Cher réalisateur Feltri,
Je suis choqué par ce qui s'est passé à Castel D'Azzano, dans la région de Véronèse, où trois carabiniers sont morts dans une explosion et de nombreux autres officiers et pompiers ont été blessés. Mon neveu a exprimé le désir de rejoindre la Police, il aimerait participer au prochain concours, mais je ne vous cache pas que je suis très inquiet.
Je ne pense pas qu’il y ait jamais eu de haine aussi flagrante contre la police qu’aujourd’hui. Est-ce juste mon impression ou sommes-nous réellement confrontés à une dérive dangereuse ?

Cordialement,
Francesco Galli

Cher Francesco,
vous n'avez pas tort : ce n'est pas seulement votre impression, c'est la réalité des faits. Nous assistons à une véritable escalade de la haine, de la colère et de la violence envers la police, en particulier contre ceux qui représentent l'État, font respecter les lois et garantissent la sécurité de chacun d'entre nous.

Ce qui s'est passé à Castel D'Azzano n'est pas un accident, ce n'est pas une fatalité, ce n'est pas une tragique coïncidence. C'est une attaque. Une embuscade. Un massacre prémédité et intentionnel contre des policiers qui n'exerçaient leur devoir que dans un bâtiment illégalement occupé. Et nous touchons ici au premier point clé : depuis des années, une certaine gauche a dégagé, légitimé et même romancé le concept d’occupation abusive, comme s’il s’agissait d’un droit social, comme s’il était juste de retirer par la force un bien privé ou public. Le mythe du pauvre diable contre le mauvais policier est construit. Le mythe de l’occupant fragile face à l’État oppresseur. Dans ce récit malsain, les militaires sont considérés non pas comme des serviteurs du bien commun, mais comme des ennemis, comme des agents d’un pouvoir à renverser. C’est de là que naît la délégitimation morale qui, avant même la violence physique, est le véritable poison. Vient ensuite le reste : les marches pseudo-pacifistes, où des objets sont lancés sur les policiers et où le Hamas est loué ; les places où l'on brandit des drapeaux étrangers et où l'on cache son visage derrière une cagoule ; la rhétorique justificationniste des politiques qui, chaque fois qu'un agent réagit à une attaque, s'empressent de demander des commissions d'enquête au lieu de défendre ceux qui risquent leur vie. C’est ainsi que se construit un climat de haine. C’est ainsi qu’on en vient à considérer qu’il est normal d’attaquer un policier, de poignarder un policier, de faire exploser trois hommes de l’État.

Avez-vous un neveu qui souhaite rejoindre la police ? Je lui dirais : faites bien, l'Italie a besoin de jeunes courageux. Mais je lui dirais aussi : sachez qu'aujourd'hui, celui qui porte un uniforme porte aussi une cible sur lui. Et ça ne devrait pas être comme ça. C'est à nous tous de jouer le rôle de bouclier, de défendre nos carabiniers, nos agents, nos soldats. C'est nous qui devrions réagir. Mais nous restons souvent silencieux, intimidés, anesthésiés par des décennies de culture antiétatique. Une culture qui a produit le monstre qui nous mord aujourd’hui.

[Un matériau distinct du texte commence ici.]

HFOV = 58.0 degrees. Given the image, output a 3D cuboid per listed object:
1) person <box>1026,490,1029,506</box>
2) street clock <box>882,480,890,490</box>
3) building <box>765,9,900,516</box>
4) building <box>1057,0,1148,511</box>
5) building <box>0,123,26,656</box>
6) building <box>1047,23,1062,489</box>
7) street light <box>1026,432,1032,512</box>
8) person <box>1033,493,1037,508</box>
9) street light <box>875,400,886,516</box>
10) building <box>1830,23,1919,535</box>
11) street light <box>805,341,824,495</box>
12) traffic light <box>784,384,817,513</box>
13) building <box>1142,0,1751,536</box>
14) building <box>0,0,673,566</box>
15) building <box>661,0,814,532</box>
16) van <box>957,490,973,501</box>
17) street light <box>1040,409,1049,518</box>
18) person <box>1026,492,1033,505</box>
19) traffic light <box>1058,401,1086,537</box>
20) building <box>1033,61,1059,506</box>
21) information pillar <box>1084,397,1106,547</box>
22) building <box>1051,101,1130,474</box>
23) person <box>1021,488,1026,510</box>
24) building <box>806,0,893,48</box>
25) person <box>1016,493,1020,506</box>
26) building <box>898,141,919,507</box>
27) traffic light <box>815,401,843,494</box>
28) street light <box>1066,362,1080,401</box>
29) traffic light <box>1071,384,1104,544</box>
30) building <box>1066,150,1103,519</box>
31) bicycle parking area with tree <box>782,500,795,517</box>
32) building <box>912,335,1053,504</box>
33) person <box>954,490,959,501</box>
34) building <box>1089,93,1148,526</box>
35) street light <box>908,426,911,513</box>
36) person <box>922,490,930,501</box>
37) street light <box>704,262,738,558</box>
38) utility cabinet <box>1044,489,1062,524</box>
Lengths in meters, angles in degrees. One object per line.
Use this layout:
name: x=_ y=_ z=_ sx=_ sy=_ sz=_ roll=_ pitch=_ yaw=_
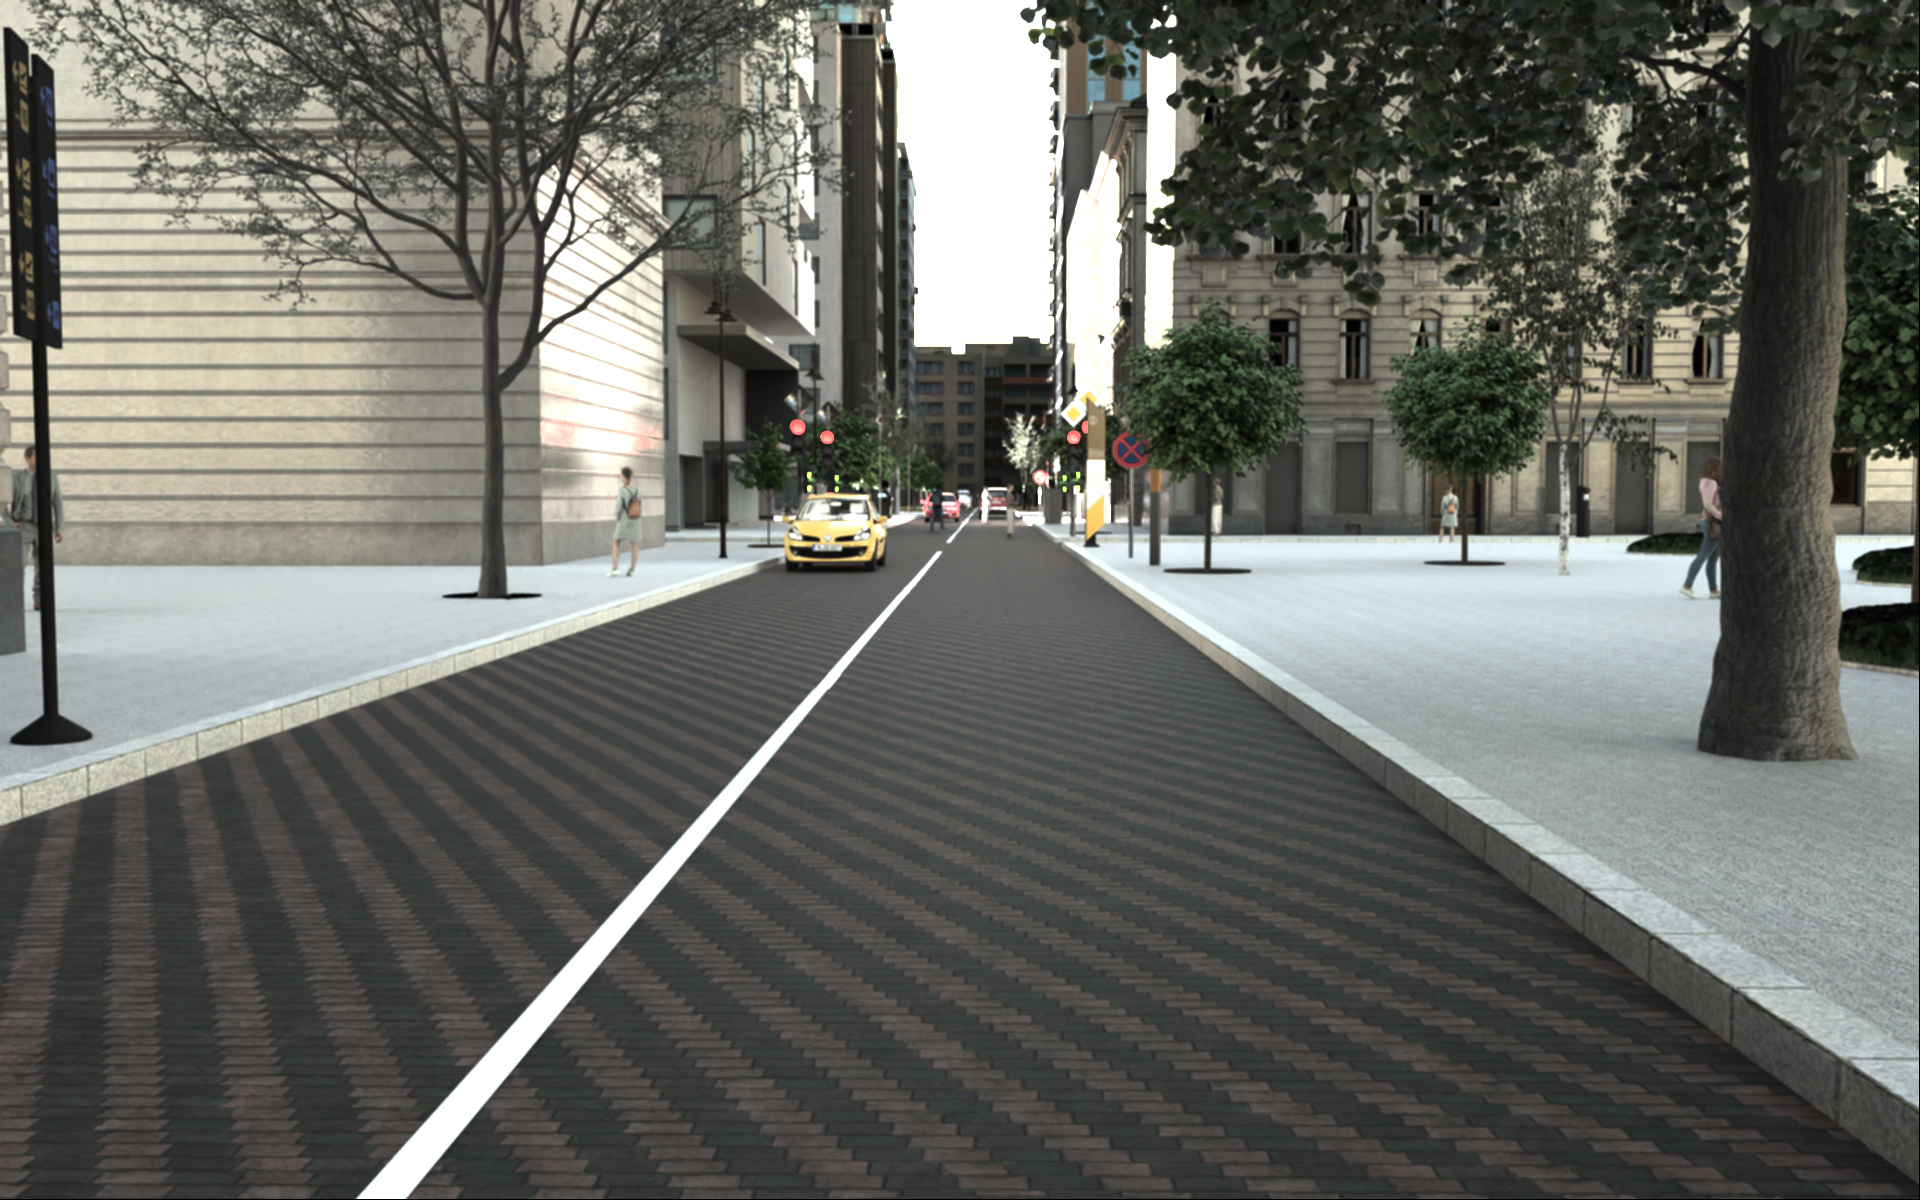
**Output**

La gauche, au lieu de prendre position clairement contre cette barbarie, balbutie, minimise, comprend, absout. Quand tout va bien, restez silencieux. Quand les choses vont mal, soyez solidaires avec ceux qui détestent l’État. C'est la vérité. Alors oui, c'est bien de s'inquiéter. Mais il est également temps de dire que ça suffit. Revenir au respect de ceux qui servent le pays. Dire clairement qu’il n’y a pas de droit à l’anarchie, ni à la haine, ni à la violence. Et que quiconque touche un policier, un agent, un pompier, touche l'Etat et doit être puni avec une fermeté absolue.

Mon honneur, ma douleur et mon respect vont aux trois carabiniers tombés au combat. Celui qui les a tués devrait être condamné à la prison à vie.

Et à ceux qui défendent cette racaille, il faut le rappeler encore une fois : vous êtes les complices moraux de leur mort.